Он видел, что это намёк на то, что он не виделся с ней с того самого визита её сестры в Нью-Йорк. Она думала, что после того вечера у миссис Бюррадж он испытывает к ней антипатию, которая сделала невозможными любые знаки внимания. Он не рассмеялся, так как был слишком озабочен и поглощён своими мыслями. Но он ответил, тоном, который, очевидно, разозлил её так же, как это сделало бы и неуместное веселье:
– Я думал, что вы не сможете видеть меня.
– Почему я не смогу видеть вас, если вы окажетесь прямо передо мной? Вы думаете, что мне не всё равно, вижу я вас или нет?
– Я полагал, что вы хотели бы этого, исходя из ваших писем.
– Тогда почему вы думали, что я откажусь?
– Потому что так обычно поступают женщины.
– Женщины – женщины! Вы так много о них знаете!
– Я каждый день узнаю что-нибудь новое о них.
– Что ж, вы, очевидно, до сих пор не знаете, как отвечать на их письма. Удивительно, что вы не притворяетесь, будто не получали их от меня.
Теперь Рэнсом мог улыбнуться: возможность выплеснуть накопившуюся злобу вернула ему хорошее настроение.
– Что я могу сказать? Вы просто ошеломили меня. Кстати, я ответил на одно из них.
– Одно из них? Вы говорите так, будто я написала их дюжину! – воскликнула миссис Луна.
– Я полагал, что это и было вашей целью – оказать мне такую честь и написать их как можно больше. Они были сокрушительны, а когда мужчина сокрушён, то всё кончено.
– Да, вы выглядите так, будто вас разнесло на мелкие кусочки! Я рада, что больше никогда не увижу вас снова.
– Я, кажется, вижу теперь, почему вы приняли меня – чтобы сказать мне это, – сказал Рэнсом.

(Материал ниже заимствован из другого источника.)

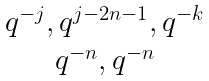<formula> <loc_0><loc_0><loc_500><loc_500>\begin{matrix} q ^ { - j } , q ^ { j - 2 n - 1 } , q ^ { - k } \\ q ^ { - n } , q ^ { - n } \end{matrix}</formula> 
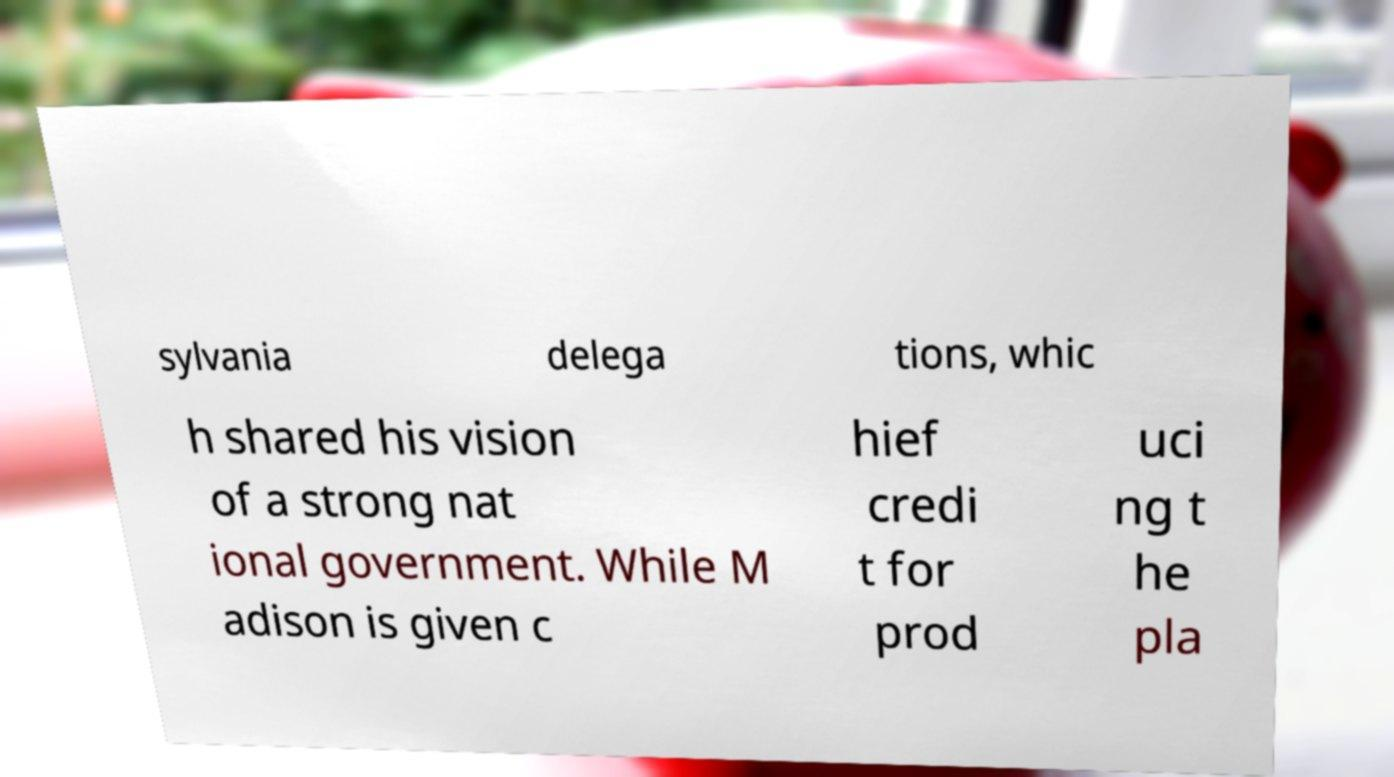For documentation purposes, I need the text within this image transcribed. Could you provide that? sylvania delega tions, whic h shared his vision of a strong nat ional government. While M adison is given c hief credi t for prod uci ng t he pla

– Считайте это одолжением. Я возвращаюсь в Европу.
– Правда? Чтобы дать Ньютону образование?
– Ах! Я удивлена, как вам хватает смелости говорить об этом – после того как вы покинули его!
– Давайте оставим эту тему, и тогда я скажу вам, чего хочу.
– Мне абсолютно безразлично, чего вы хотите, – заметила миссис Луна. – Вы даже не удосужились спросить, куда именно я еду.
– Какое значение это имеет для меня, если вы покидаете эти края?
Миссис Луна поднялась на ноги.
– Ах, вежливость, вежливость! – воскликнула она. Затем подошла к окну – одному из тех окон, откуда Рэнсом впервые, по настоятельной просьбе Олив, насладился видом на Бэк Бэй. Миссис Луна смотрела вперёд с видом человека, которому немного жаль оставлять всё это. – Мне казалось, вы должны знать, куда я еду, – сказала она. – Я еду во Флоренцию.
– Не отчаивайтесь! – ответил он. – Я отправлюсь в Рим.
– И привезёте туда столько наглости, сколько там не видели со времён императоров.